È del 2011 invece una ricerca condotta in Nuova Zelanda da Willcock E. Muta K., e Hayne H. Children’s human figure drawings do not measure intellectual ability, pubblicata nella autorevole rivista Journal of Experimental Child Psycholog (110, 2011, pp. 444–452). La ricerca dimostra che non vi è correlazione diretta tra differenze di intelligenza e differenze nello sviluppo dell’abilità grafica.
Sebbene gli studi sullo sviluppo grafico e motorio dei bambini ci rivelino delle tappe di sviluppo, che in diversi studiosi hanno tentato di schematizzare, dobbiamo riconoscere che moltissimi fattori incidono su questo sviluppo, facilitandolo, ostacolandolo o semplicemente rallentandolo.

In conclusione, cosa rivela il disegno?

In conclusione il disegno non è un test di intelligenza, rivela piuttosto elementi utili a definire alcuni parametri legati allo sviluppo motorio e intellettivo e elementi inerenti la maturità affettiva ed emotiva.
Il disegno è e rimane un atto creativo, che non andrebbe interpretato in contesti non appropriati, a meno che non si configuri l’esigenza di effettuare una specifica valutazione da parte di un professionista esperto. In questo caso, il professionista sarà anche consapevole di come un solo test o una sola prova non possa essere sufficiente per definire l’intelligenza di quel soggetto.

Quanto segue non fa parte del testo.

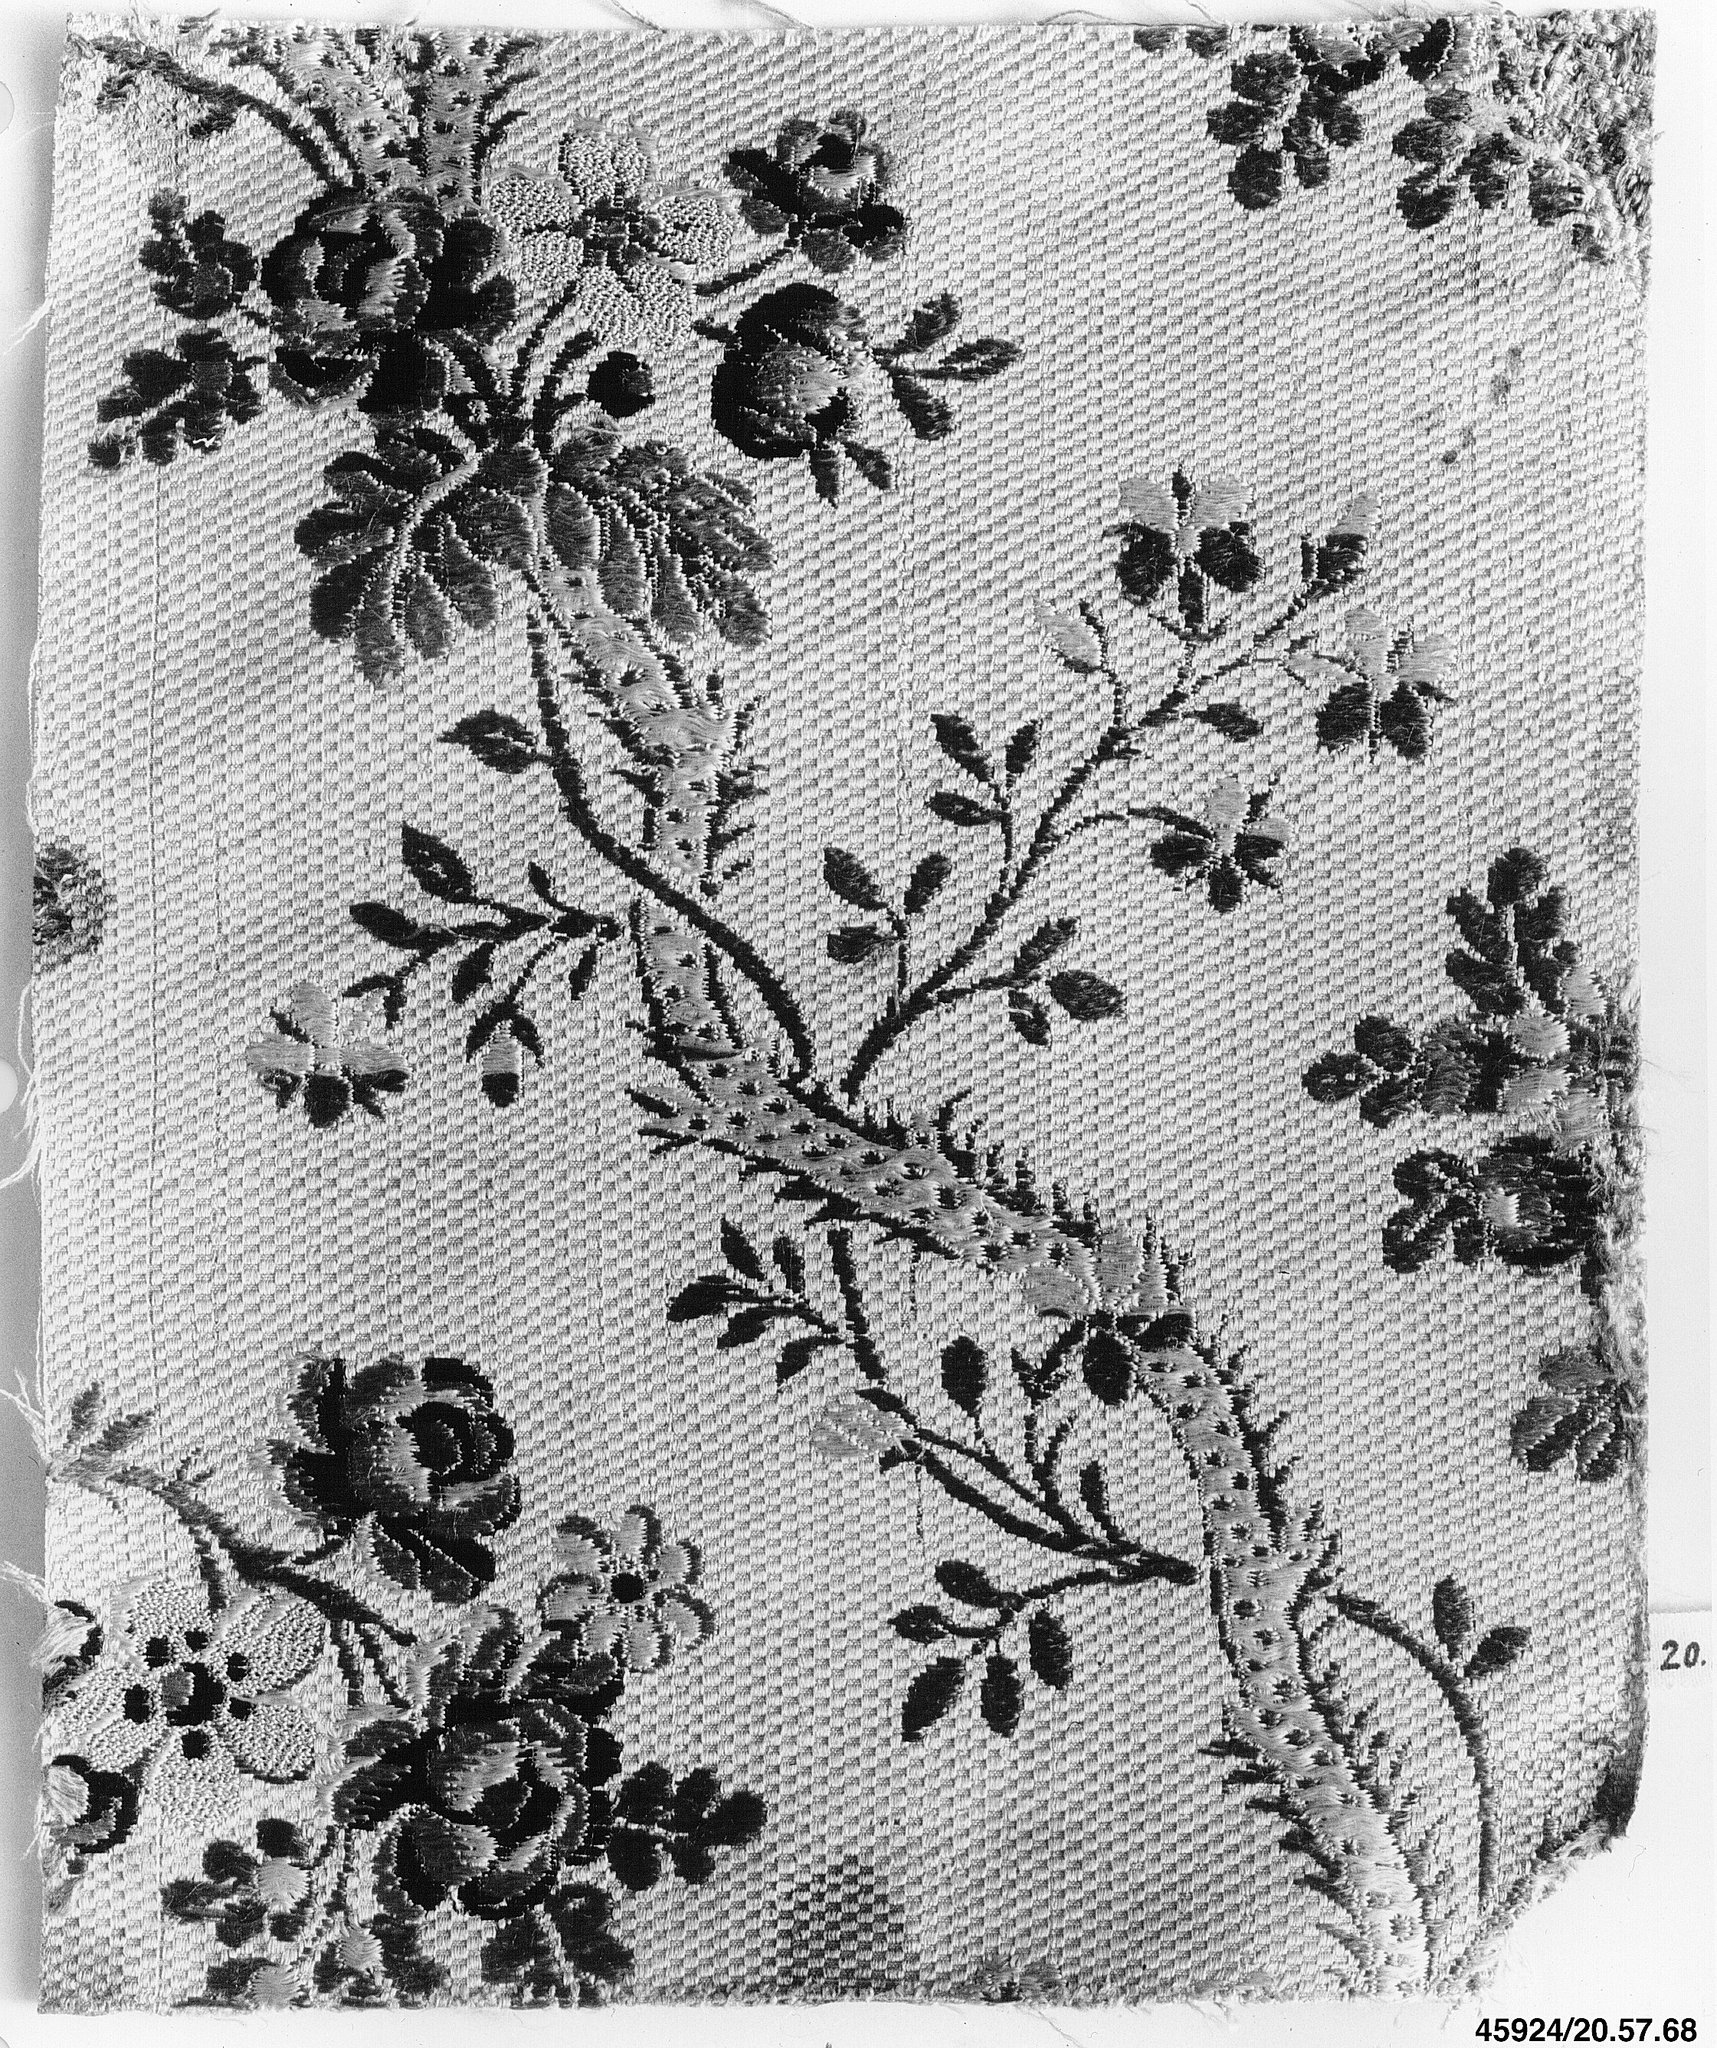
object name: piece
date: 1750-1760
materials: silk
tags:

il disegno non è un test di intelligenzaConcludo riportando un quadro di Mirò, il cui stile grafico pittorico ricorda molto i disegni dei bambini. Per fortuna nessuno ha inteso correlare il suo personale stile pittorico alla sua intelligenza, mentre oggi, a distanza di tanti anni, possiamo ammirare i suoi dipinti con la consapevolezza di avere davanti l’espressione più autentica del surrealismo.